One caveat with streaming: citations arrive in the final chunk, not inline during streaming. If you need citations from a streamed response, you’ll need to parse the raw SSE events or make a follow-up non-streaming call.

Common Errors and Fixes

401 Unauthorized Your API key is missing or invalid. Double-check that PERPLEXITY_API_KEY is set and starts with pplx-. Perplexity keys look like pplx-abc123....
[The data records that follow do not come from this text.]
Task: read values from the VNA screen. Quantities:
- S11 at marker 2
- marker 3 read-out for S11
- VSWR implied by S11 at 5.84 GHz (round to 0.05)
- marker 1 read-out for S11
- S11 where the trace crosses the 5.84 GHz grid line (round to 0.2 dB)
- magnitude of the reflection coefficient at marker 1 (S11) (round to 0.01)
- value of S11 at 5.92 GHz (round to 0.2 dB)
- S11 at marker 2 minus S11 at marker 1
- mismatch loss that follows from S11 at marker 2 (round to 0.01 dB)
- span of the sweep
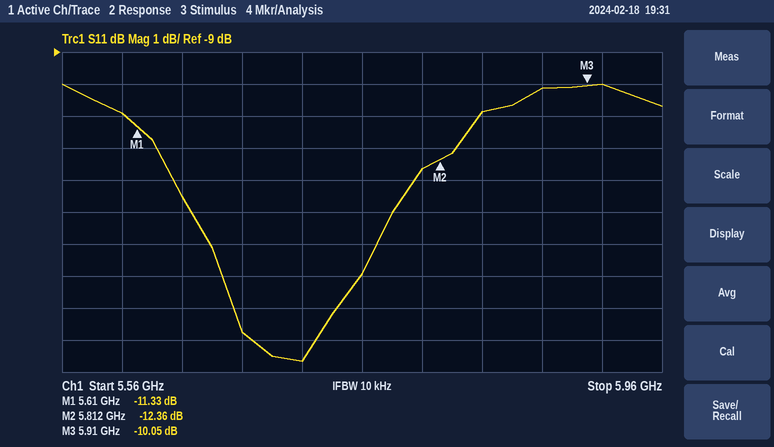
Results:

429 Too Many Requests You’ve hit the rate limit. The basic tier allows 50 requests/minute for sonar and sonar-pro, but only 5/minute for sonar-deep-research. Add retry logic with exponential backoff:

 1
 2
 3
 4
 5
 6
 7
 8
 9
10
11
12
13
14
15
import time
from openai import RateLimitError

max_retries = 3
for attempt in range(max_retries):
    try:
        response = client.chat.completions.create(
            model="sonar",
            messages=[{"role": "user", "content": "your query here"}],
        )
        break
    except RateLimitError:
        wait = 2 ** attempt
        print(f"Rate limited. Retrying in {wait}s...")
        time.sleep(wait)

Model not found The old model names like llama-3.1-sonar-small-128k-online are deprecated. Use the current names: sonar, sonar-pro, sonar-reasoning-pro, or sonar-deep-research.

Empty citations If citations is None or empty, you likely passed disable_search: True or the query didn’t trigger a web search. Make sure you’re using an online-capable model and haven’t disabled search.

Timeout on deep research sonar-deep-research can take 30+ seconds. Increase your client timeout:

1
2
3
4
5
client = OpenAI(
    api_key=os.environ["PERPLEXITY_API_KEY"],
    base_url="https://api.perplexity.ai",
    timeout=120.0,
)

extra_body parameters ignored If search_domain_filter or search_recency_filter seem to have no effect, make sure you’re passing them inside extra_body, not as top-level keyword arguments. The OpenAI SDK doesn’t know about Perplexity-specific parameters, so they must go through extra_body.